Así la vida desaparece transformándose en nada. La automatización devora los objetos, los hábitos, los muebles, la mujer y el miedo a la guerra. «Si la vida compleja de tanta gente se desenvuelve inconscientemente, es como si esa vida no hubiese existido». Para dar sensación de vida, para sentir los objetos, para percibir que la piedra es piedra, existe eso, cine se llama arte.
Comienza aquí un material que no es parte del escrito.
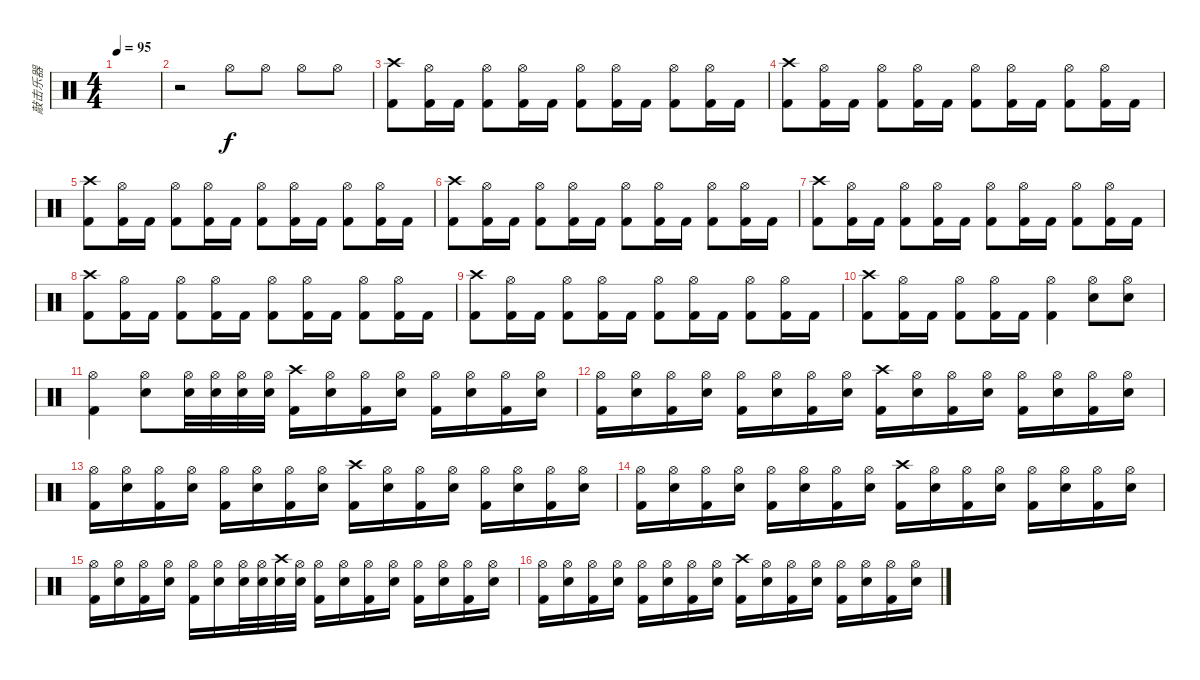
\track ("敲击乐器" "敲击乐器") {instrument percussion}
\staff {score}
\articulation defaults
\ts (4 4)
\tempo 95
\clef neutral
\ks c
|
r.2 "Hi-Hat (open)".8 "Hi-Hat (open)".8 "Hi-Hat (open)".8 "Hi-Hat (open)".8 |
("Crash high (hit)" "Kick (hit) 2").8 ("Hi-Hat (open)" "Kick (hit) 2").16 "Kick (hit) 2".16 ("Hi-Hat (open)" "Kick (hit) 2").8 ("Hi-Hat (open)" "Kick (hit) 2").16 "Kick (hit) 2".16 ("Hi-Hat (open)" "Kick (hit) 2").8 ("Hi-Hat (open)" "Kick (hit) 2").16 "Kick (hit) 2".16 ("Hi-Hat (open)" "Kick (hit) 2").8 ("Hi-Hat (open)" "Kick (hit) 2").16 "Kick (hit) 2".16 |
("Crash high (hit)" "Kick (hit) 2").8 ("Hi-Hat (open)" "Kick (hit) 2").16 "Kick (hit) 2".16 ("Hi-Hat (open)" "Kick (hit) 2").8 ("Hi-Hat (open)" "Kick (hit) 2").16 "Kick (hit) 2".16 ("Hi-Hat (open)" "Kick (hit) 2").8 ("Hi-Hat (open)" "Kick (hit) 2").16 "Kick (hit) 2".16 ("Hi-Hat (open)" "Kick (hit) 2").8 ("Hi-Hat (open)" "Kick (hit) 2").16 "Kick (hit) 2".16 |
("Crash high (hit)" "Kick (hit) 2").8 ("Hi-Hat (open)" "Kick (hit) 2").16 "Kick (hit) 2".16 ("Hi-Hat (open)" "Kick (hit) 2").8 ("Hi-Hat (open)" "Kick (hit) 2").16 "Kick (hit) 2".16 ("Hi-Hat (open)" "Kick (hit) 2").8 ("Hi-Hat (open)" "Kick (hit) 2").16 "Kick (hit) 2".16 ("Hi-Hat (open)" "Kick (hit) 2").8 ("Hi-Hat (open)" "Kick (hit) 2").16 "Kick (hit) 2".16 |
("Crash high (hit)" "Kick (hit) 2").8 ("Hi-Hat (open)" "Kick (hit) 2").16 "Kick (hit) 2".16 ("Hi-Hat (open)" "Kick (hit) 2").8 ("Hi-Hat (open)" "Kick (hit) 2").16 "Kick (hit) 2".16 ("Hi-Hat (open)" "Kick (hit) 2").8 ("Hi-Hat (open)" "Kick (hit) 2").16 "Kick (hit) 2".16 ("Hi-Hat (open)" "Kick (hit) 2").8 ("Hi-Hat (open)" "Kick (hit) 2").16 "Kick (hit) 2".16 |
("Crash high (hit)" "Kick (hit) 2").8 ("Hi-Hat (open)" "Kick (hit) 2").16 "Kick (hit) 2".16 ("Hi-Hat (open)" "Kick (hit) 2").8 ("Hi-Hat (open)" "Kick (hit) 2").16 "Kick (hit) 2".16 ("Hi-Hat (open)" "Kick (hit) 2").8 ("Hi-Hat (open)" "Kick (hit) 2").16 "Kick (hit) 2".16 ("Hi-Hat (open)" "Kick (hit) 2").8 ("Hi-Hat (open)" "Kick (hit) 2").16 "Kick (hit) 2".16 |
("Crash high (hit)" "Kick (hit) 2").8 ("Hi-Hat (open)" "Kick (hit) 2").16 "Kick (hit) 2".16 ("Hi-Hat (open)" "Kick (hit) 2").8 ("Hi-Hat (open)" "Kick (hit) 2").16 "Kick (hit) 2".16 ("Hi-Hat (open)" "Kick (hit) 2").8 ("Hi-Hat (open)" "Kick (hit) 2").16 "Kick (hit) 2".16 ("Hi-Hat (open)" "Kick (hit) 2").8 ("Hi-Hat (open)" "Kick (hit) 2").16 "Kick (hit) 2".16 |
("Crash high (hit)" "Kick (hit) 2").8 ("Hi-Hat (open)" "Kick (hit) 2").16 "Kick (hit) 2".16 ("Hi-Hat (open)" "Kick (hit) 2").8 ("Hi-Hat (open)" "Kick (hit) 2").16 "Kick (hit) 2".16 ("Hi-Hat (open)" "Kick (hit) 2").8 ("Hi-Hat (open)" "Kick (hit) 2").16 "Kick (hit) 2".16 ("Hi-Hat (open)" "Kick (hit) 2").8 ("Hi-Hat (open)" "Kick (hit) 2").16 "Kick (hit) 2".16 |
("Crash high (hit)" "Kick (hit) 2").8 ("Hi-Hat (open)" "Kick (hit) 2").16 "Kick (hit) 2".16 ("Hi-Hat (open)" "Kick (hit) 2").8 ("Hi-Hat (open)" "Kick (hit) 2").16 "Kick (hit) 2".16 ("Hi-Hat (open)" "Kick (hit) 2").4 ("Hi-Hat (open)" "Snare (hit) 2").8 ("Hi-Hat (open)" "Snare (hit) 2").8 |
("Hi-Hat (open)" "Kick (hit) 2").4 ("Hi-Hat (open)" "Snare (hit) 2").8 ("Hi-Hat (open)" "Snare (hit) 2").32 ("Hi-Hat (open)" "Snare (hit) 2").32 ("Hi-Hat (open)" "Snare (hit) 2").32 ("Hi-Hat (open)" "Snare (hit) 2").32 ("Crash high (hit)" "Kick (hit) 2").16 ("Hi-Hat (open)" "Snare (hit) 2").16 ("Hi-Hat (open)" "Kick (hit) 2").16 ("Hi-Hat (open)" "Snare (hit) 2").16 ("Hi-Hat (open)" "Kick (hit) 2").16 ("Hi-Hat (open)" "Snare (hit) 2").16 ("Hi-Hat (open)" "Kick (hit) 2").16 ("Hi-Hat (open)" "Snare (hit) 2").16 |
("Hi-Hat (open)" "Kick (hit) 2").16 ("Hi-Hat (open)" "Snare (hit) 2").16 ("Hi-Hat (open)" "Kick (hit) 2").16 ("Hi-Hat (open)" "Snare (hit) 2").16 ("Hi-Hat (open)" "Kick (hit) 2").16 ("Hi-Hat (open)" "Snare (hit) 2").16 ("Hi-Hat (open)" "Kick (hit) 2").16 ("Hi-Hat (open)" "Snare (hit) 2").16 ("Crash high (hit)" "Kick (hit) 2").16 ("Hi-Hat (open)" "Snare (hit) 2").16 ("Hi-Hat (open)" "Kick (hit) 2").16 ("Hi-Hat (open)" "Snare (hit) 2").16 ("Hi-Hat (open)" "Kick (hit) 2").16 ("Hi-Hat (open)" "Snare (hit) 2").16 ("Hi-Hat (open)" "Kick (hit) 2").16 ("Hi-Hat (open)" "Snare (hit) 2").16 |
("Hi-Hat (open)" "Kick (hit) 2").16 ("Hi-Hat (open)" "Snare (hit) 2").16 ("Hi-Hat (open)" "Kick (hit) 2").16 ("Hi-Hat (open)" "Snare (hit) 2").16 ("Hi-Hat (open)" "Kick (hit) 2").16 ("Hi-Hat (open)" "Snare (hit) 2").16 ("Hi-Hat (open)" "Kick (hit) 2").16 ("Hi-Hat (open)" "Snare (hit) 2").16 ("Crash high (hit)" "Kick (hit) 2").16 ("Hi-Hat (open)" "Snare (hit) 2").16 ("Hi-Hat (open)" "Kick (hit) 2").16 ("Hi-Hat (open)" "Snare (hit) 2").16 ("Hi-Hat (open)" "Kick (hit) 2").16 ("Hi-Hat (open)" "Snare (hit) 2").16 ("Hi-Hat (open)" "Kick (hit) 2").16 ("Hi-Hat (open)" "Snare (hit) 2").16 |
("Hi-Hat (open)" "Kick (hit) 2").16 ("Hi-Hat (open)" "Snare (hit) 2").16 ("Hi-Hat (open)" "Kick (hit) 2").16 ("Hi-Hat (open)" "Snare (hit) 2").16 ("Hi-Hat (open)" "Kick (hit) 2").16 ("Hi-Hat (open)" "Snare (hit) 2").16 ("Hi-Hat (open)" "Kick (hit) 2").16 ("Hi-Hat (open)" "Snare (hit) 2").16 ("Crash high (hit)" "Kick (hit) 2").16 ("Hi-Hat (open)" "Snare (hit) 2").16 ("Hi-Hat (open)" "Kick (hit) 2").16 ("Hi-Hat (open)" "Snare (hit) 2").16 ("Hi-Hat (open)" "Kick (hit) 2").16 ("Hi-Hat (open)" "Snare (hit) 2").16 ("Hi-Hat (open)" "Kick (hit) 2").16 ("Hi-Hat (open)" "Snare (hit) 2").16 |
("Hi-Hat (open)" "Kick (hit) 2").16 ("Hi-Hat (open)" "Snare (hit) 2").16 ("Hi-Hat (open)" "Kick (hit) 2").16 ("Hi-Hat (open)" "Snare (hit) 2").16 ("Hi-Hat (open)" "Kick (hit) 2").16 ("Hi-Hat (open)" "Snare (hit) 2").16 ("Hi-Hat (open)" "Snare (hit) 2").32 ("Hi-Hat (open)" "Snare (hit) 2").32 ("Crash high (hit)" "Snare (hit) 2").32 ("Hi-Hat (open)" "Snare (hit) 2").32 ("Hi-Hat (open)" "Kick (hit) 2").16 ("Hi-Hat (open)" "Snare (hit) 2").16 ("Hi-Hat (open)" "Kick (hit) 2").16 ("Hi-Hat (open)" "Snare (hit) 2").16 ("Hi-Hat (open)" "Kick (hit) 2").16 ("Hi-Hat (open)" "Snare (hit) 2").16 ("Hi-Hat (open)" "Kick (hit) 2").16 ("Hi-Hat (open)" "Snare (hit) 2").16 |
("Hi-Hat (open)" "Kick (hit) 2").16 ("Hi-Hat (open)" "Snare (hit) 2").16 ("Hi-Hat (open)" "Kick (hit) 2").16 ("Hi-Hat (open)" "Snare (hit) 2").16 ("Hi-Hat (open)" "Kick (hit) 2").16 ("Hi-Hat (open)" "Snare (hit) 2").16 ("Hi-Hat (open)" "Kick (hit) 2").16 ("Hi-Hat (open)" "Snare (hit) 2").16 ("Crash high (hit)" "Kick (hit) 2").16 ("Hi-Hat (open)" "Snare (hit) 2").16 ("Hi-Hat (open)" "Kick (hit) 2").16 ("Hi-Hat (open)" "Snare (hit) 2").16 ("Hi-Hat (open)" "Kick (hit) 2").16 ("Hi-Hat (open)" "Snare (hit) 2").16 ("Hi-Hat (open)" "Kick (hit) 2").16 ("Hi-Hat (open)" "Snare (hit) 2").16

La finalidad del arte es dar una sensación del objeto como visión y no como reconocimiento; los procedimientos del arte son los de la singularización de los objetos, y el que consiste en oscurecer la forma, en aumentar la dificultad y la duración de la percepción. El acto de percepción es en arte un fin en sí y debe ser prolongado. El arte es un medio de experimentar el devenir del objeto: lo que ya está «realizado» no interesa para el arte.

La vida de la obra poética (la obra de arte) se extiende de la visión al reconocimiento, de la poesía a la prosa, de lo concreto a lo abstracto, del Quijote, hidalgo pobre e ilustrado que lleva inconscientemente la humillación a la corte del duque, al Quijote de Turgueniev, imagen amplia pero vacía, de Carlomagno a la palabra korol[4]. A medida que las obras y las artes mueren, van abarcando dominios cada vez más vastos; la fábula es más simbólica que el poema, el proverbio más simbólico que la fábula. Es por este motivo que la teoría de Potebnia era la menos contradictoria en el análisis de la fábula, que él había estudiado exhaustivamente; pero ella no cuadraba a las obras artísticas reales, por lo cual el libro de Potebnia no podía concluirse. Como se sabe, las Notas sobre la teoría de la literatura fueron editadas en 1905, trece años después de la muerte del autor.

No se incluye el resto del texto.